Coretan Pena Aktivis Dakwah 16: Sabar Dalam Berdakwah



Oleh: Muhammad Akbar, S.Pd
(Penulis & Guru SMP IT Wahdah Islamiyah) 
Seorang aktivis dakwah haruslah bersabar di atas dakwahnya, sabar atas apa yang ia dakwahkan, sabar terhadap orang yang menentang dakwahnya dan sabar atas segala aral rintangan yang menghadangnya.
Seorang aktivis dakwah haruslah bersabar dan berupaya menetapi kesabaran di dalam berdakwah, jangan sampai ia berhenti atau jenuh. Namun ia harus tetap terus berdakwah di jalan Allah. Dengan segenap kemampuannya, terlebih di dalam kondisi dimana berdakwah akan lebih bermanfaat lebih utama dan lebih tepat, maka ia haruslah benar-benar bersabar di dalam berdakwah dan tidak boleh jenuh, karena seorang manusia apabila dihinggapi kejenuhan maka ia akan letih dan meninggalkan (dakwah). Akan tetapi, apabila ia menetapi kesabaran di atas dakwahnya maka ia akan meraih pahala sebagai orang-orang yang sabar di satu sisi, dan di sisi lain ia akan mendapatkan kesudahan yang baik. Dengarkanlah firman Allah Azza wa Jalla yang menyeru Nabi-Nya :
Itu adalah di antara berita-berita penting tentang hal yang ghaib yang kami wahyukan kepadamu (Muhammad); tidak pernah kamu mengetahuinya dan tidak (pula) kaummu sebelum ini. Maka bersabarlah; Sesungguhnya kesudahan yang baik adalah bagi orang-orang yang bertakwa.” (QS Huud : 49)
Seorang aktivis dakwah tetaplah harus bersabar atas segala hal yang merintangi dakwahnya berupa sanggahan-sanggahan dan bantahan-bantahan, karena setiap manusia yang menjadi seorang aktivis dakwah di jalan Allah pastilah akan menghadapi rintangan :
Dan seperti itulah, Telah kami adakan bagi tiap-tiap nabi, musuh dari orang-orang yang berdosa. dan cukuplah Tuhanmu menjadi pemberi petunjuk dan penolong.” (QS al-Furqon : 31)
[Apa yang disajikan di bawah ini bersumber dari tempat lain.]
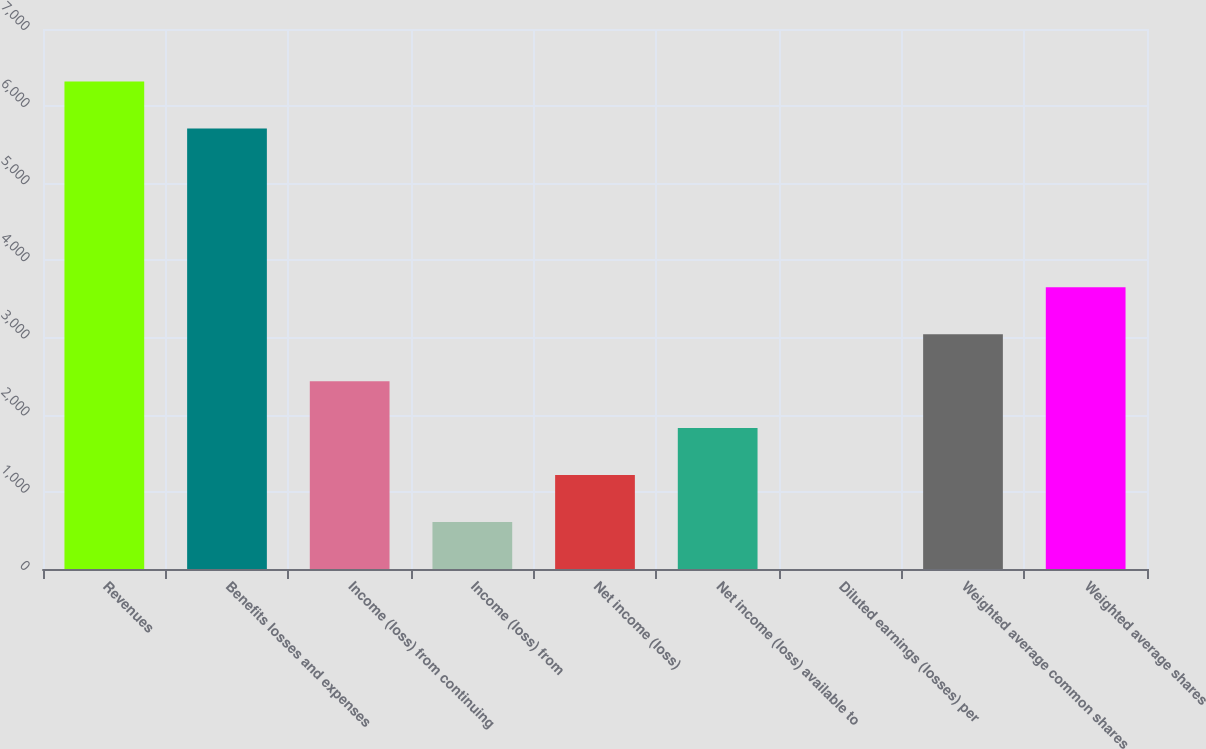Convert chart. <chart><loc_0><loc_0><loc_500><loc_500><bar_chart><fcel>Revenues<fcel>Benefits losses and expenses<fcel>Income (loss) from continuing<fcel>Income (loss) from<fcel>Net income (loss)<fcel>Net income (loss) available to<fcel>Diluted earnings (losses) per<fcel>Weighted average common shares<fcel>Weighted average shares<nl><fcel>6318.64<fcel>5710<fcel>2435.2<fcel>609.29<fcel>1217.93<fcel>1826.57<fcel>0.65<fcel>3043.84<fcel>3652.48<nl></chart>

Setiap dakwah yang benar, pastilah akan menghadapi orang yang merintangi, menghalangi, membantah dan menebarkan keragu-raguan. Namun, wajiblah bagi seorang aktivis dakwah bersabar menghadapi segala sesuatu yang merintangi dakwahnya. Meskipun dakwahnya disifati dengan dakwah yang salah atau batil, sedangkan ia mengetahui bahwa dakwahnya itu berasal dari Kitabullah dan Sunnah Rasulullah Shallallahu ‘alaihi wa Salam, maka ia tetaplah harus bersabar.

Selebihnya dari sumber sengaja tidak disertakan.